Recently, this tweet
by Kat Maddox aka @ctrlshifti has been making the rounds on Twitter.
The replies quickly turned into a competition to write the most cursed IsEven function possible.
I decided to join in on the fun and after some experimentation, I came up with the following function written in C.
int is_even(int n) {
while (n >> 1) n *= n;
return !n;
}
At first glance, this function looks like it wouldn't even terminate for most inputs, let alone return the correct result.
Explanation
Let's consider what happens when we square a number of the shape $2^{k+1} a + b$ with $a\in\mathbb{Z}$, $k\in\mathbb{N}$, and $b\in{0, 1}$. Note that every number $n\in\mathbb{Z}$ can be represented in this form, with $k=0$, $a=\lfloor n/2 \rfloor$, and $b=n \mod 2$.

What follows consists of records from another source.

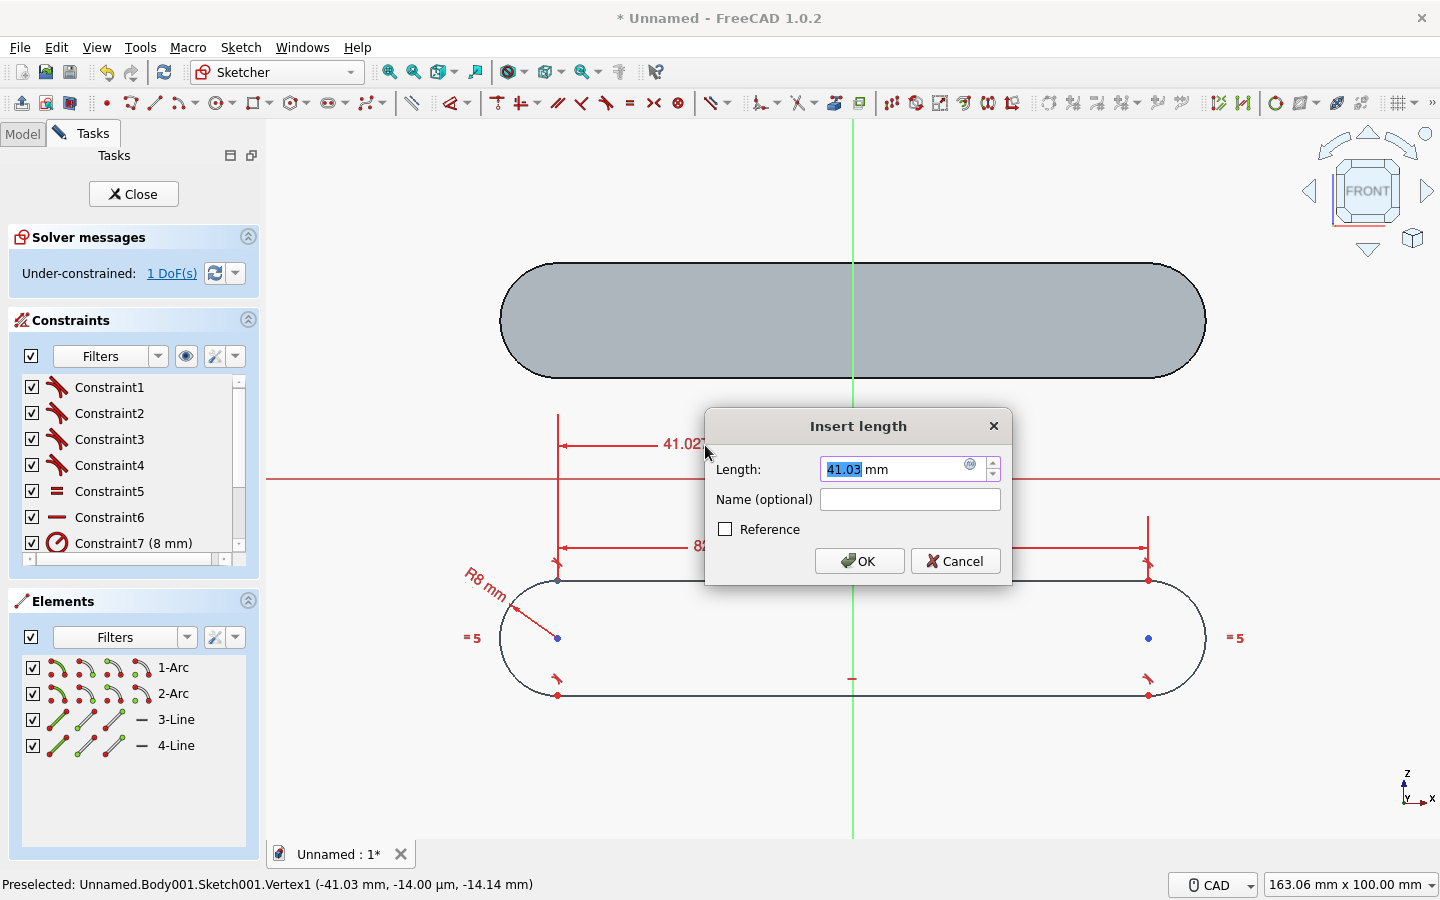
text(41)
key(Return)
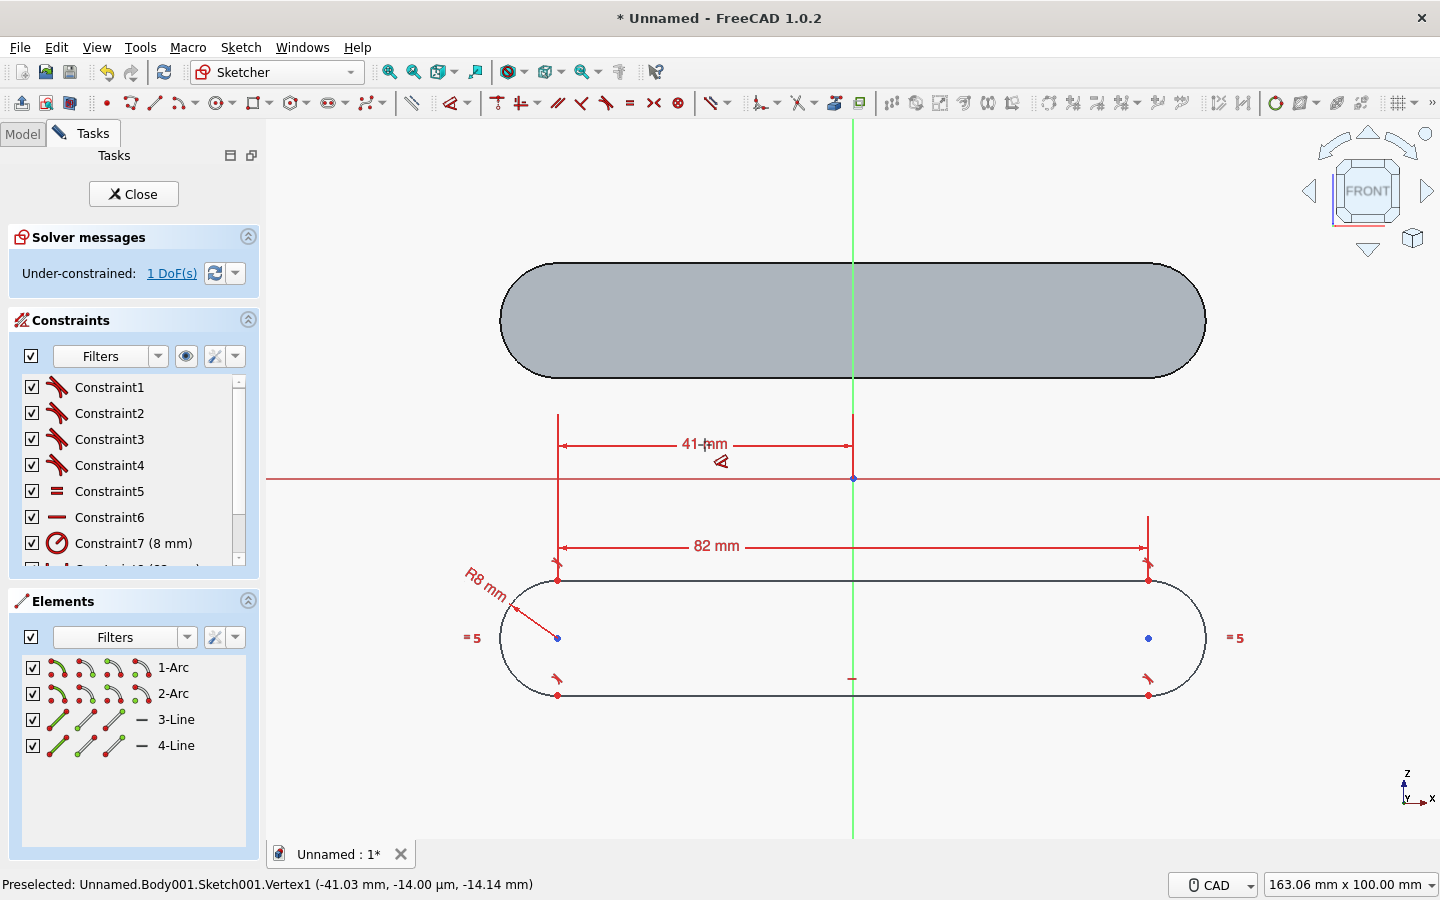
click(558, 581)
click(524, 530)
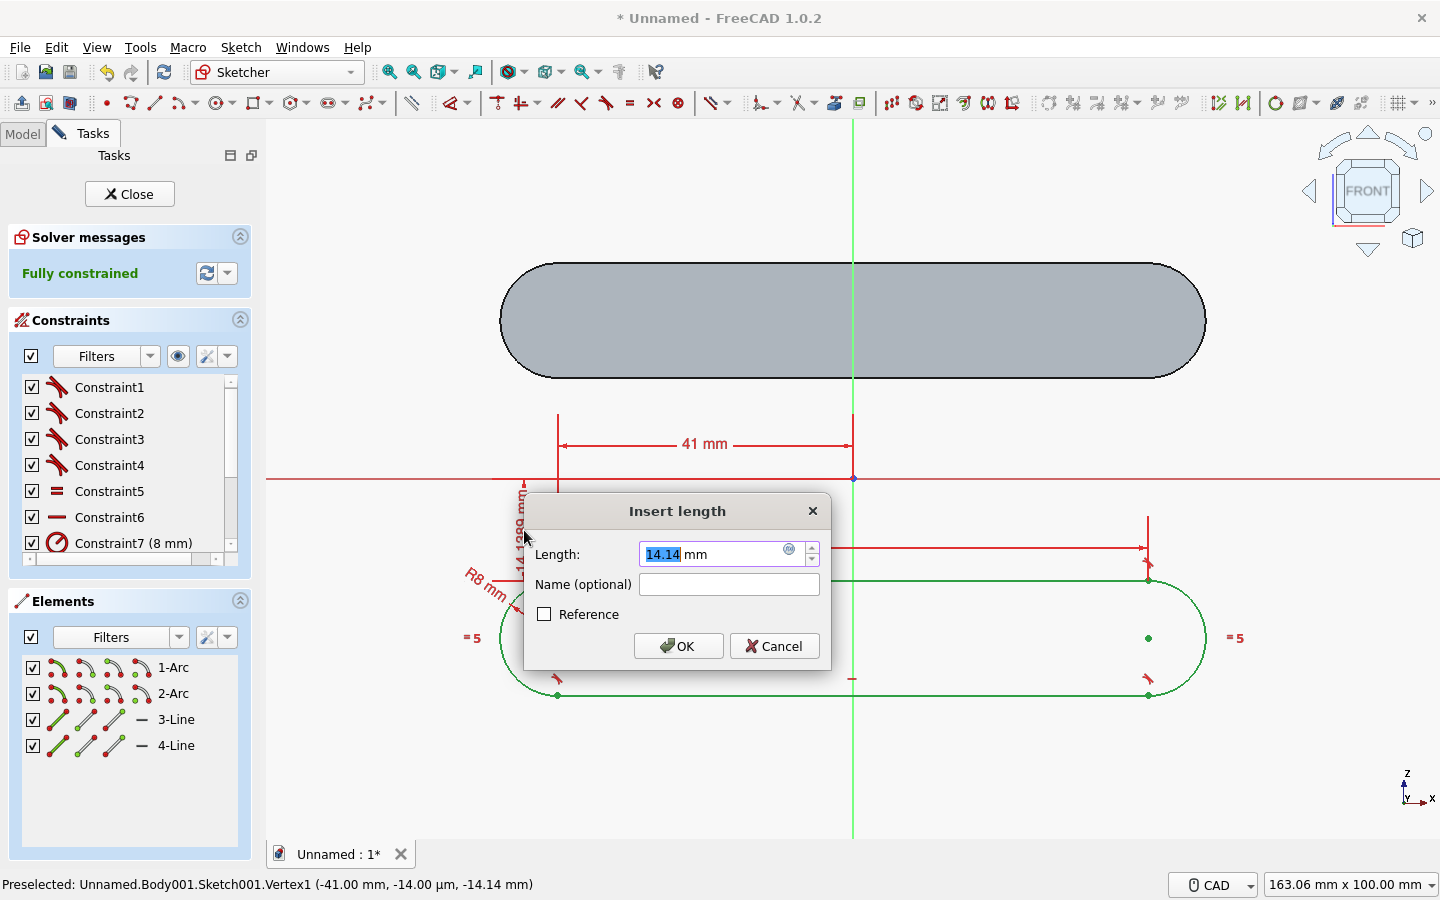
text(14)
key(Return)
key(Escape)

$$ (2^{k+1} a + b)^2 = 2^{2(k+1)} a^2 + 2^{k+2} a b + b^2 = 2^{k+2}(2^{k} a^2 + a b) + b = 2^{k+2} a' + b $$
As we can see, we get a number of the same shape as the input, but $k$ increased by $1$. Most notably, the last bit of the number $b$ stays the same. If we repeat this operation, we can see that the first component of the number $a$ will continue to shift to the right, while $b$ remains unchanged.
This is also what happens to n in the while loop of our function, except the type int can only store integers with a finite number of bits.
If the result of the multiplication is larger than the maximum value of int, the higher bits will "fall off" the left side of the integer.
So after a couple of iterations, the first component is going to disappear entirely, leaving only the last bit behind.
When this happens, the loop condition n >> 1 will be false and the loop will terminate.
Finally, we negate the result of the loop and return it.